BEIJING – China's trade and domestic demand have weakened even faster than expected, adding to pressure on Beijing for a more aggressive stimulus to boost the world's second-largest economy out of its worst slump since the 2008 crisis.
Export growth in July plunged to just 1 percent from the previous month's 11.3 percent, well below forecasts of about 5 percent, data showed Friday.

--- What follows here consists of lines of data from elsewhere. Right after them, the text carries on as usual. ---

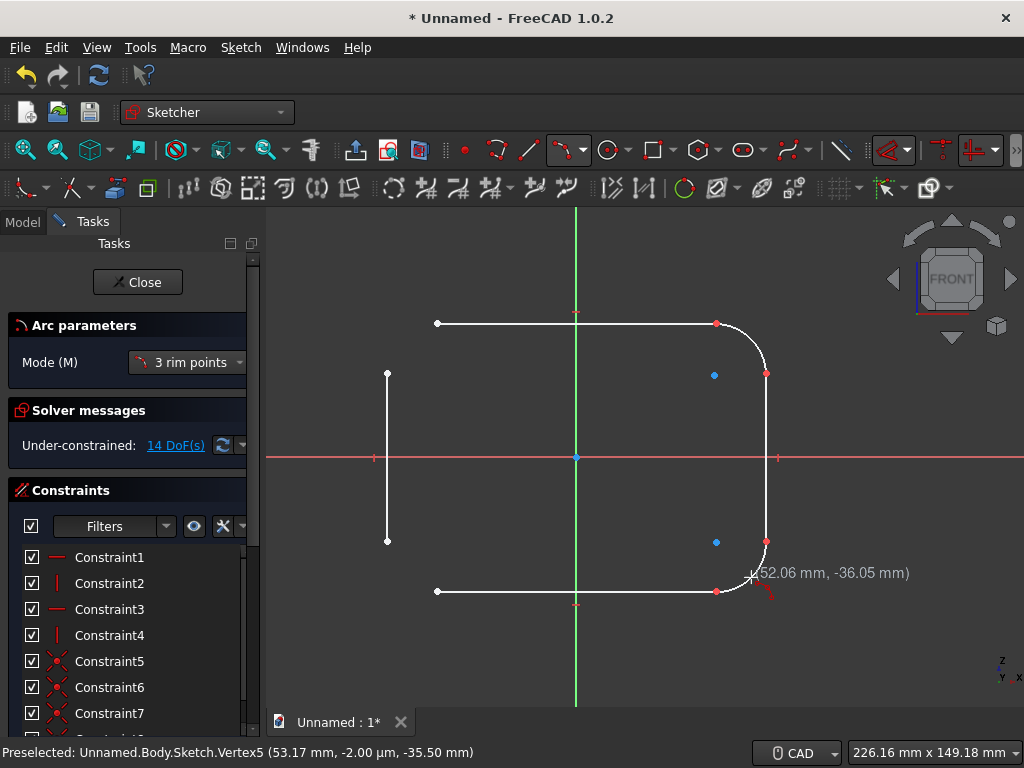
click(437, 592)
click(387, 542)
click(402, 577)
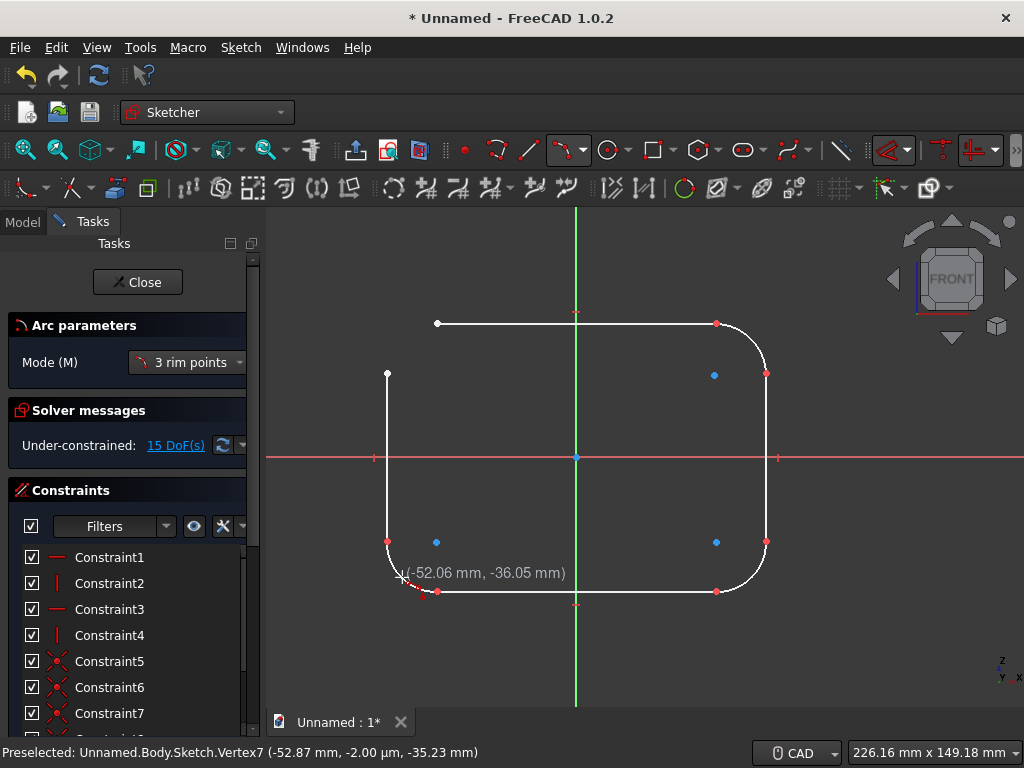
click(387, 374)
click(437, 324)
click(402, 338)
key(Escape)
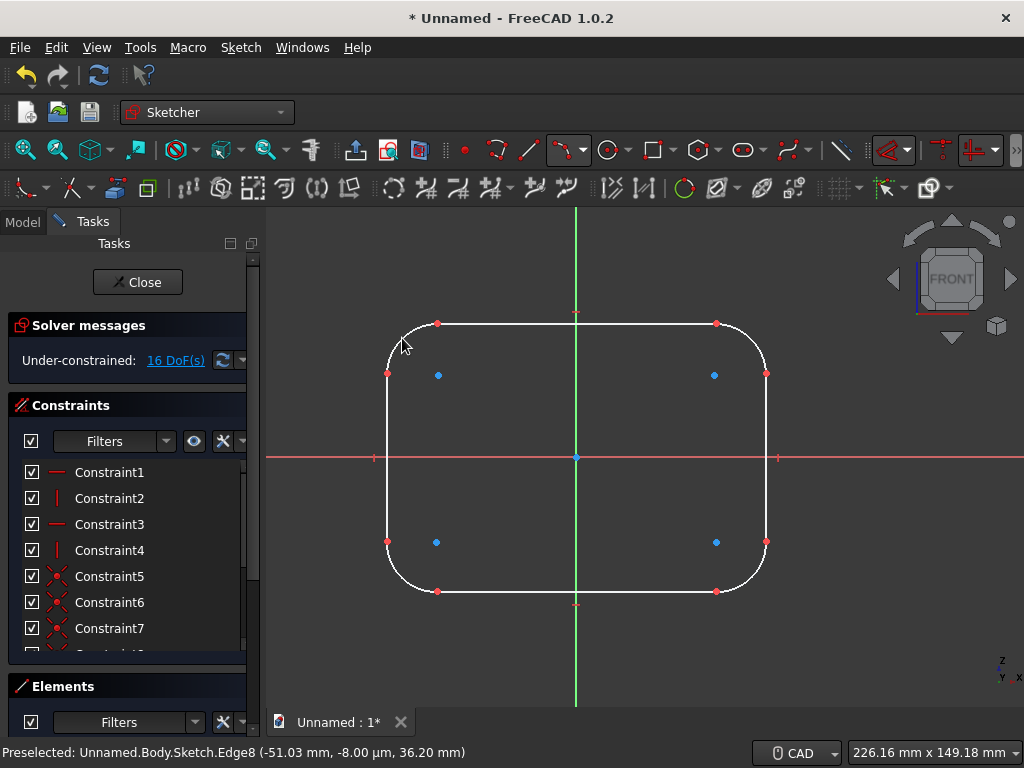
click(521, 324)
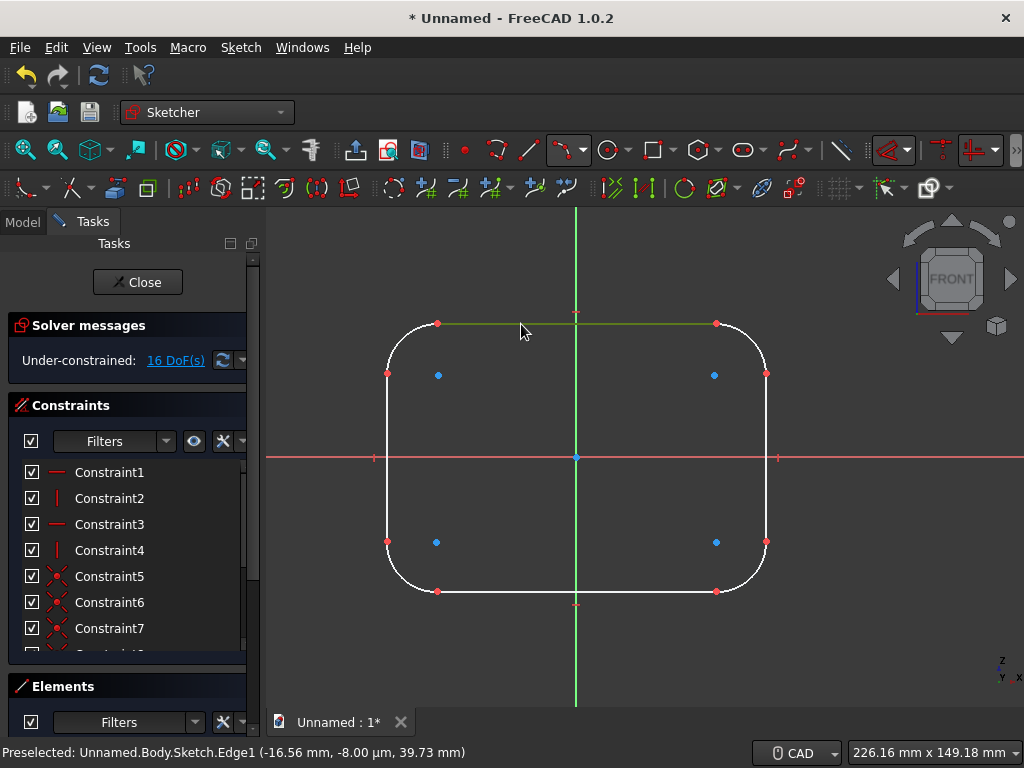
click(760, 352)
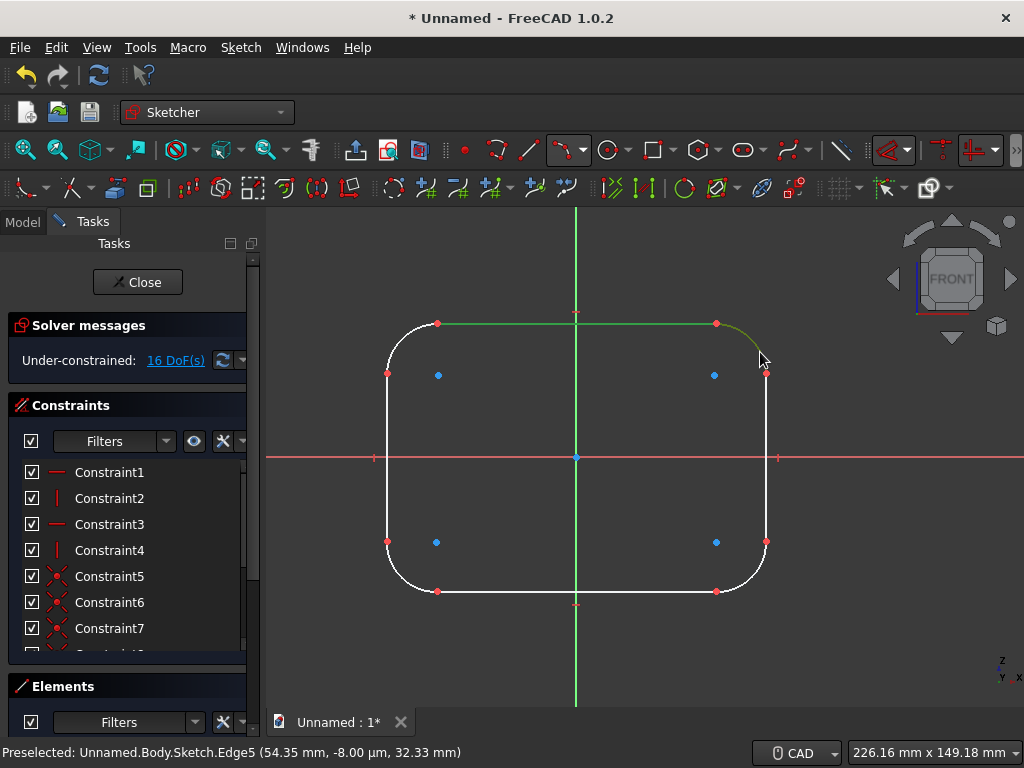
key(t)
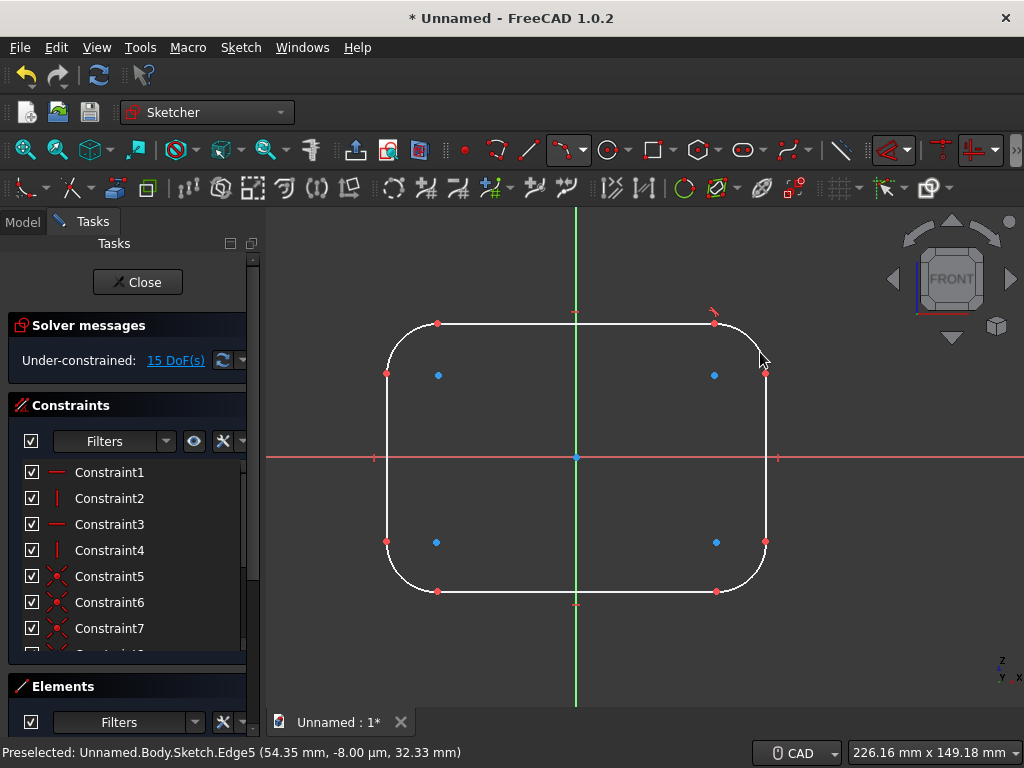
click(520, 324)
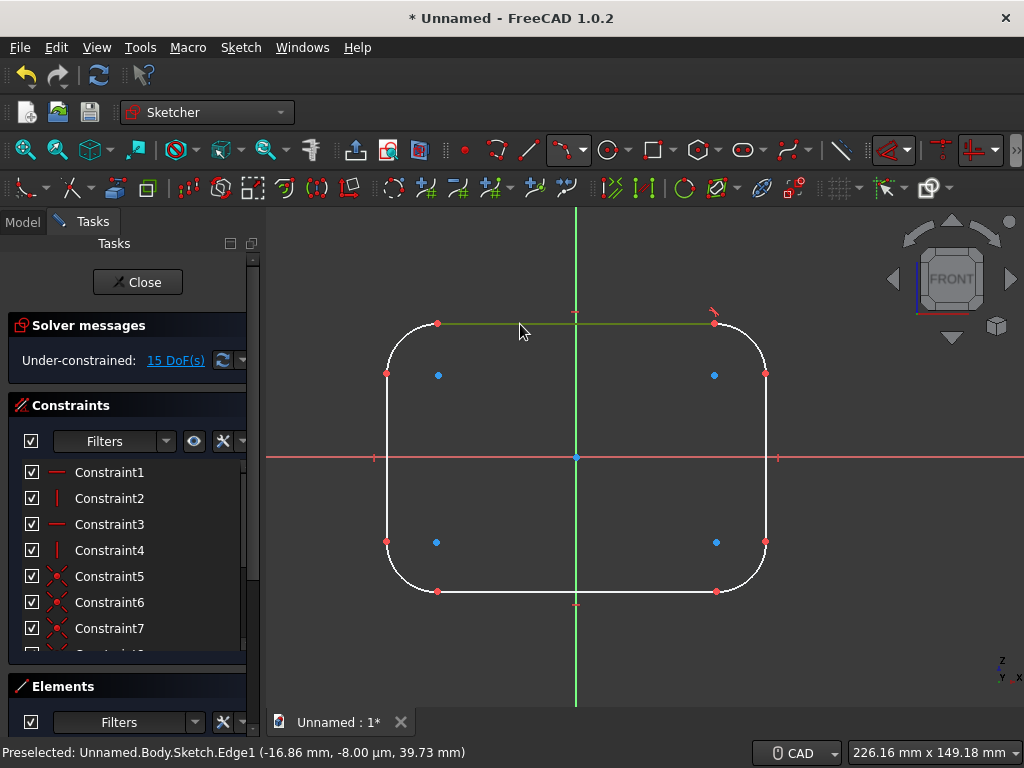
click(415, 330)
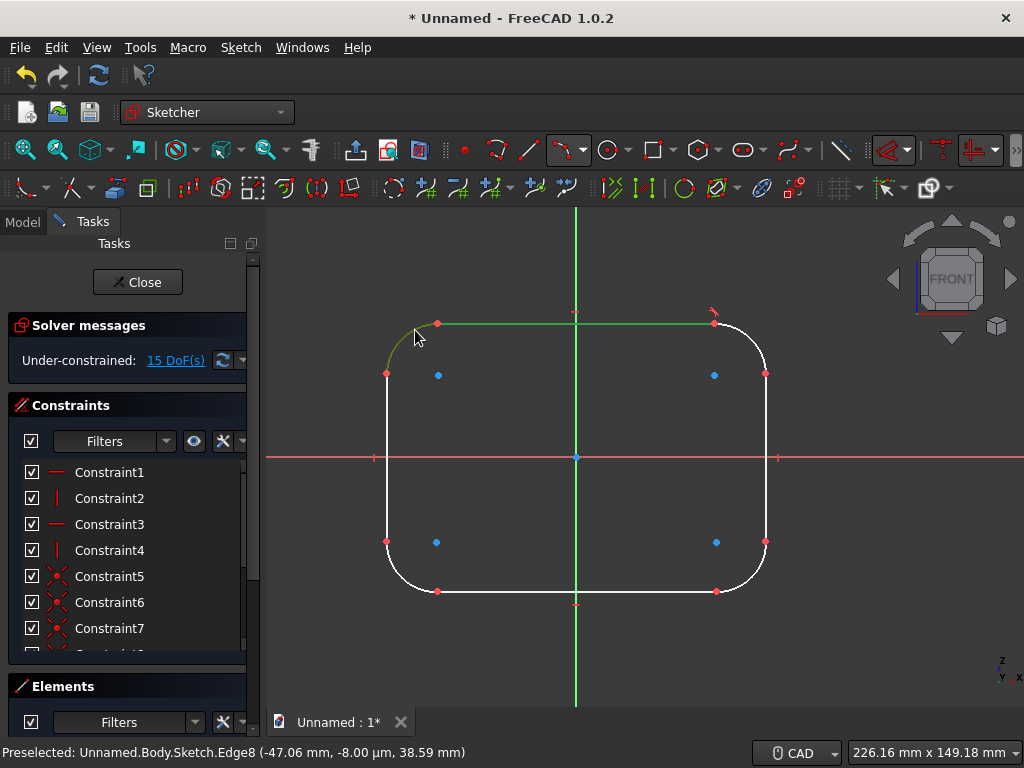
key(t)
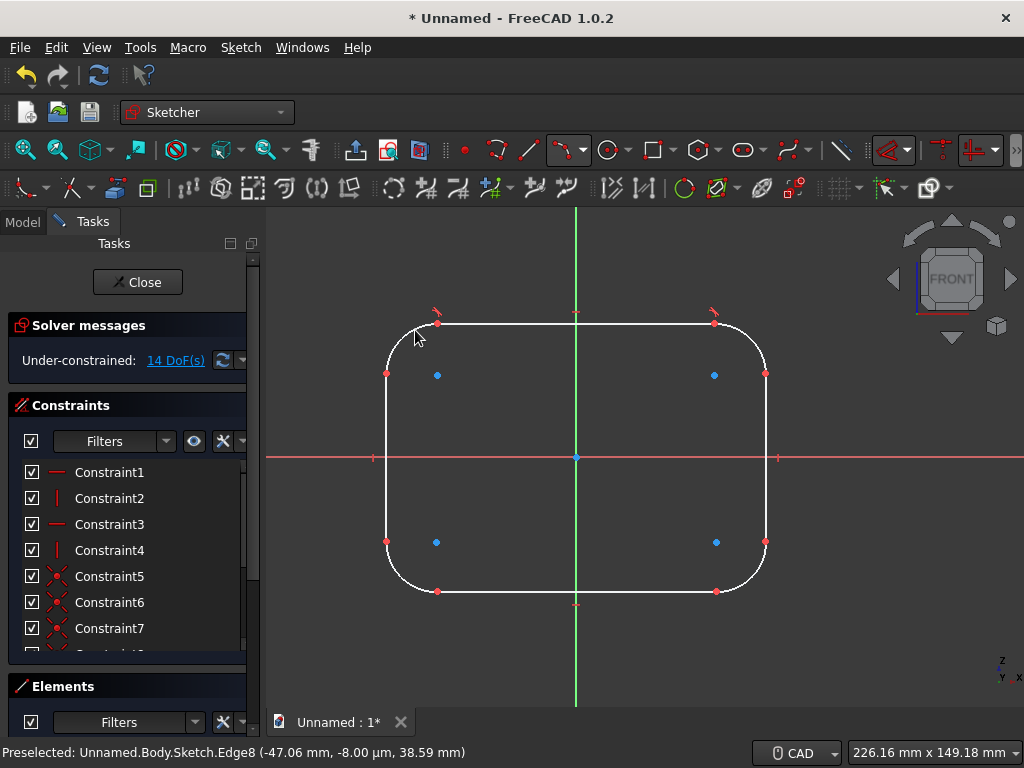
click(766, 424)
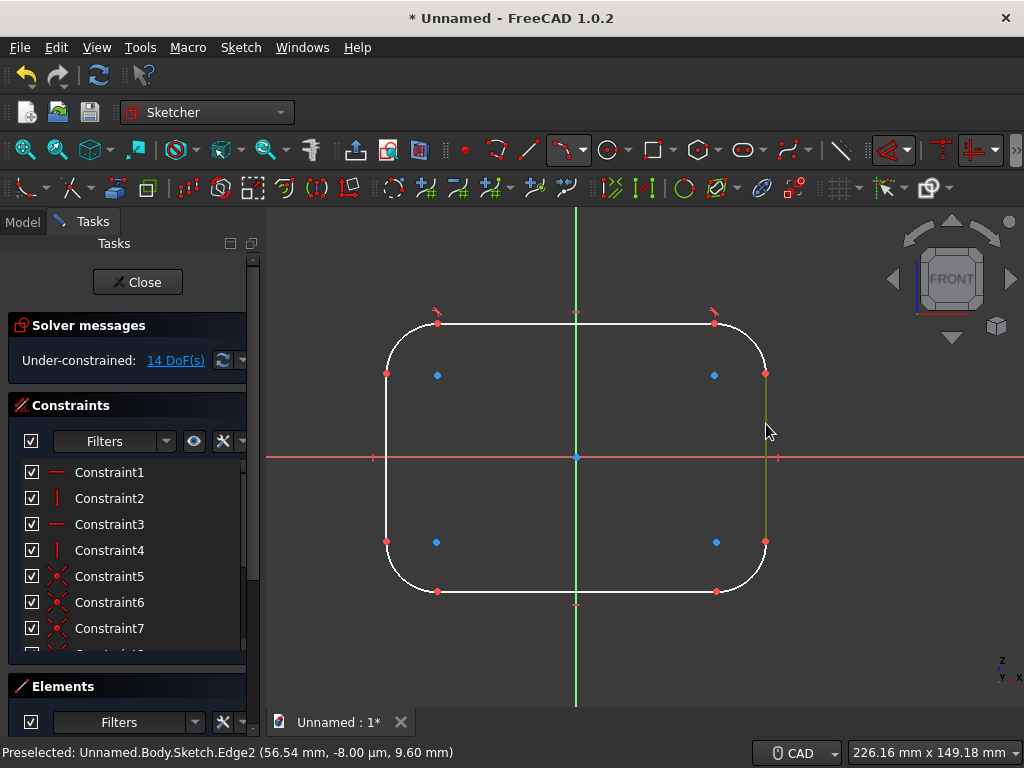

The slump adds to the pain for struggling exporters, raising the threat of more job losses and unrest as the Communist Party tries to enforce calm ahead of a handover of power to younger leaders.
Factory production, auto sales and retail sales in July, reported Thursday, also were more anemic than expected despite two interest rate cuts since the start of June and government efforts to pump money into the economy through spending on public works.
"With the export sector losing speed faster than expected, the government's current investment stimulus plan looks woefully inadequate," IHS Global Insight analyst Alistair Thornton said in a report. "The government is likely to respond by ramping up its stimulus efforts, with both monetary and fiscal guns firing."
The plunge in export demand has hammered manufacturers that employ millions of workers to supply the world with low-cost shoes, toys, furniture and consumer electronics. Thousands of smaller companies have been forced into bankruptcy.
"It is getting more and more difficult for export industries, especially in the past two months — a sharp decline, fewer orders," said the boss of a furniture manufacturing company in Fujian province on China's southeastern coast. He would give only his surname, Lin.
Lin said he has avoided layoffs among his workforce of 700, but said, "I do not have enough work for my workers to do."
Asian stock markets tumbled Friday after signs the region's biggest and most robust economy might be in worse shape than expected.
Economic growth fell to a three-year low of 7.6 percent in the quarter ending in June — well above U.S. and Japanese rates in the low single digits but painful for Chinese companies that depend on high growth to drive demand for new factories and apartments.
Analysts are forecasting a rebound later this year but say it could come later and be weaker than previously thought. Premier Wen Jiabao warned last month the economy faces "relatively large" pressure to slow further, raising hopes for a new wave of stimulus.
The slowdown is bad news for economies that are looking to China's demand for oil, iron ore and other imported commodities and rising consumer spending to drive global growth as the United States struggles with a sluggish recovery and Europe is mired in a debt crisis.
"This complicates the prospects for an imminent recovery," said Thornton, the IHS analyst.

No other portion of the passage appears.